(Beginning of AVAILABLE DATA)

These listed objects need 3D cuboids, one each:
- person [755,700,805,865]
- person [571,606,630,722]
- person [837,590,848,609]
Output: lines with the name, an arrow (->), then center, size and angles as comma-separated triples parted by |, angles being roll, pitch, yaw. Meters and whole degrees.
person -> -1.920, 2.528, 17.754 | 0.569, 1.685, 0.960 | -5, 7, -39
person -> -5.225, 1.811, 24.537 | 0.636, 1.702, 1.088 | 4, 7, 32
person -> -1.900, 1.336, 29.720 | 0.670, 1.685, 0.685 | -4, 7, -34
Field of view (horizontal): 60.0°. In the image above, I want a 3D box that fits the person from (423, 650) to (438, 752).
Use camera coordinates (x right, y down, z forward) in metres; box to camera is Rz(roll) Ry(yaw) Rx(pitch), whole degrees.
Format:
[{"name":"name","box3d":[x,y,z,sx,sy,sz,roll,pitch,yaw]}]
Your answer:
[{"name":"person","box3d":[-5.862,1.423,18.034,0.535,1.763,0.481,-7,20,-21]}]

(End of AVAILABLE DATA)
(Beginning of AVAILABLE DATA)

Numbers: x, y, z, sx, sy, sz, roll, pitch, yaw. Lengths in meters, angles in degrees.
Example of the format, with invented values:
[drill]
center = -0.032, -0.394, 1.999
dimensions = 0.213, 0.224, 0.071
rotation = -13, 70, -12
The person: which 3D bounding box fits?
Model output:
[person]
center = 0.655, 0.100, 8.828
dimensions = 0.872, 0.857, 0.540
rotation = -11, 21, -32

(End of AVAILABLE DATA)

=== EXERCISE DESCRIPTION ===
Count every line of the data above that includes the word "fits", then state the total and nothing more.

=== WRITTEN ANSWER ===
2